FWIW, the Scott valve handles are by far the worst to use, IMO. They have a slip clutch installed that tries to prevent the operator from accidentally closing the valve in operation. Great for firefighters as designed, but not great for airgunners trying to control the flow. So perhaps look at replacing that handle or simply removing the slip clutch. I just replaced the handle with a $5 faucet wheel from Amazon (1/4" square hole for mating). MSA valve handles are much better and are what I have on all but one of my SCBAs.

https://www.topgun-airguns.com/product/scba-hose-assembly/
I will look into the product you link. Thank so much
 
Agree with others, you don't need a new valve assembly, just the fitting to adapt the fill line, which can also be used to then fill the guns. Also good to have a gauge as well. You can upgrade to a regulated valve system if you choose, but I never have. Regs add some complexity but are arguably safer when it comes to preventing the accidental overfilling of a gun. Foster fittings are best for connectivity in the airgun world. Link below to an assembly from Brancato that I use in addition to other similar ones.

FWIW, the Scott valve handles are by far the worst to use, IMO. They have a slip clutch installed that tries to prevent the operator from accidentally closing the valve in operation. Great for firefighters as designed, but not great for airgunners trying to control the flow. So perhaps look at replacing that handle or simply removing the slip clutch. I just replaced the handle with a $5 faucet wheel from Amazon (1/4" square hole for mating). MSA valve handles are much better and are what I have on all but one of my SCBAs.

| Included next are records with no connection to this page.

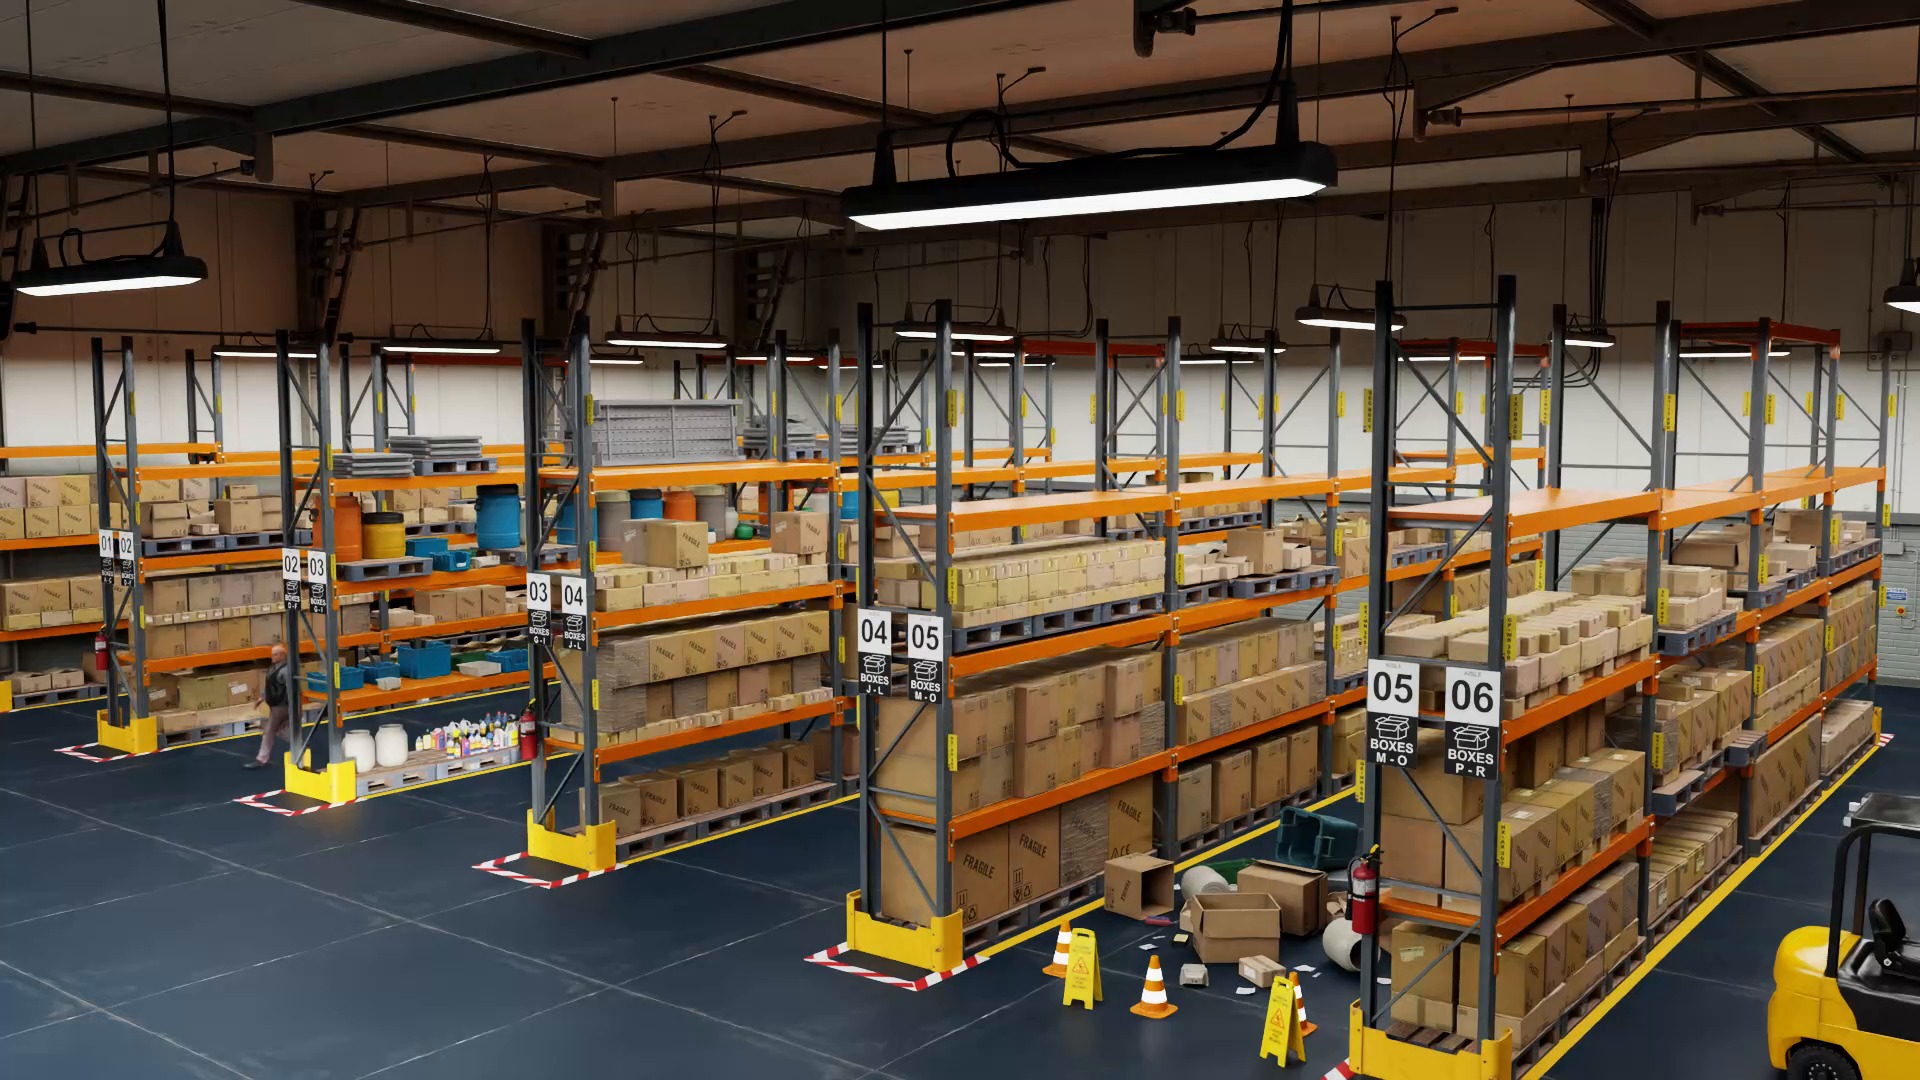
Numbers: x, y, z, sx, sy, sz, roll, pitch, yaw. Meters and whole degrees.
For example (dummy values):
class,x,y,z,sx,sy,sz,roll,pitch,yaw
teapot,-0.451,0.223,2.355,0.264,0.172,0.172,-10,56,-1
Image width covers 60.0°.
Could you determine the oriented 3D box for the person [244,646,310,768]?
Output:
class,x,y,z,sx,sy,sz,roll,pitch,yaw
person,-9.539,2.310,23.218,0.936,1.687,0.612,-5,7,-44

https://www.topgun-airguns.com/product/scba-hose-assembly/
That’s a nice set up.
 
FYI, the Scott valves have a center nut. It can be tightened down and it eliminates that safety feature making the valve more airgun friendlier. Gives more control. But the other type has a ratchet type device that must be held back to shut off. I have the latter on one bottle. So I use it very carefully. I’ll be changing that one when I’ve used it down and completely discharge it.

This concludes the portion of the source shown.